Oriental poppies reach heights of 3 feet with large showy paper-like blooms, but American poppies are somewhat shorter and blooms are smaller. The Iceland poppy is similar to the American poppy in size and shape. These hardy perennials thrive in U.S. Department of Agriculture growing zones 2 to 7. Shari Thomas, Master Gardener from the Colorado State University Extension, reports that Iceland poppies reach a height of 12 inches with 2- to 3-inch blooms in spring and early summer. Resembling upturned cups, these delicate flowers bloom in a range of colors from the traditional orange and red to shades of apricot and salmon.
Prepare a bed for poppies in a sunny location that receives at least six hours of direct sun a day in cool climates. Poppies planted in southern climates benefit from shade in the afternoon to protect them from hot afternoon sun.
Amend the soil with 2 to 3 inches of compost or well-rotted manure. Although Iceland poppies tolerate nearly any soil, without adequate drainage they may not survive the winter. Adding organic matter to the soil improves drainage and increases aeration.
Mix three to four parts of sand to one part of poppy seeds to facilitate easy sowing. This keeps seeds from clumping together and makes planting easier.
Sprinkle the poppy seed and sand mixture over the garden bed in early spring as soon as the soil can be worked. Poppies prefer cool weather. When temperatures increase, blooms may be inhibited.
Cover lightly with fine soil or peat moss. According to the Colorado State University Extension, Iceland poppy seeds require light to germinate and should not be covered completely.
Spray the soil with water using the mist or sprayer attachment to your hose. Moisten the soil, but avoid creating soggy soil. Keep evenly moist until poppies germinate in 10 to 15 days.
Thin Iceland poppies to 6 to 10 inches apart when they are 1 inch tall.

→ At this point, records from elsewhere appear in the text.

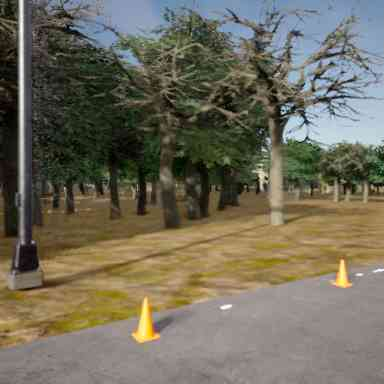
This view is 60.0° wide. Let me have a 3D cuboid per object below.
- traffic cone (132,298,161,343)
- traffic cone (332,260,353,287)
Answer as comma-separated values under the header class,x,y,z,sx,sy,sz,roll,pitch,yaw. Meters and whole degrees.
class,x,y,z,sx,sy,sz,roll,pitch,yaw
traffic cone,-0.706,1.929,5.126,0.340,0.580,0.340,0,0,-34
traffic cone,3.575,1.905,7.902,0.340,0.580,0.340,0,0,-32

Water when soil feels dry 1 inch below the surface of the soil. Typically, watering deeply once a week to saturate the soil to the root level is sufficient, but the need for water depends on the weather conditions and soil.
Deadhead blooms as soon as they begin to fade. Deadheading flowers tricks the plant into thinking it has not produced enough blooms to reproduce and forces new blooms.